Stored dataset items
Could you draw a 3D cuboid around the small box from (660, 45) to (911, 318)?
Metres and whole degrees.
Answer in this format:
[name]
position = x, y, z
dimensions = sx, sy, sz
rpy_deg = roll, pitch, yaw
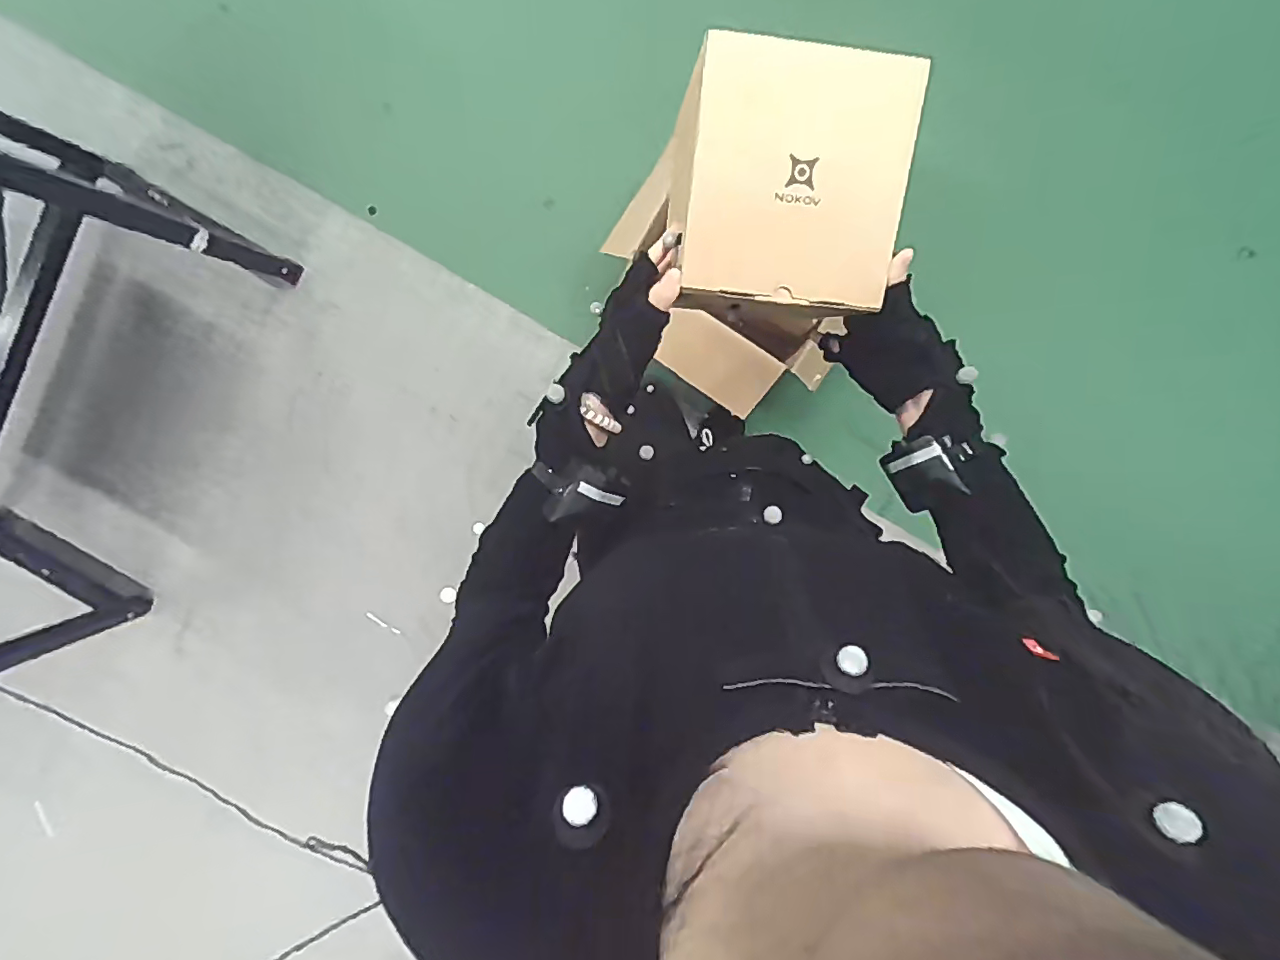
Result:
[small box]
position = 0.111, -0.248, 0.496
dimensions = 0.168, 0.176, 0.179
rpy_deg = 4, 106, -4

▶ [WHAT YOU WILL DO] Please output every record above exactly as written, leaving out the pictures.

▶ [RESPONSE BELOW]
Could you draw a 3D cuboid around the small box from (660, 45) to (911, 318)?
Metres and whole degrees.
Answer in this format:
[name]
position = x, y, z
dimensions = sx, sy, sz
rpy_deg = roll, pitch, yaw
Result:
[small box]
position = 0.111, -0.248, 0.496
dimensions = 0.168, 0.176, 0.179
rpy_deg = 4, 106, -4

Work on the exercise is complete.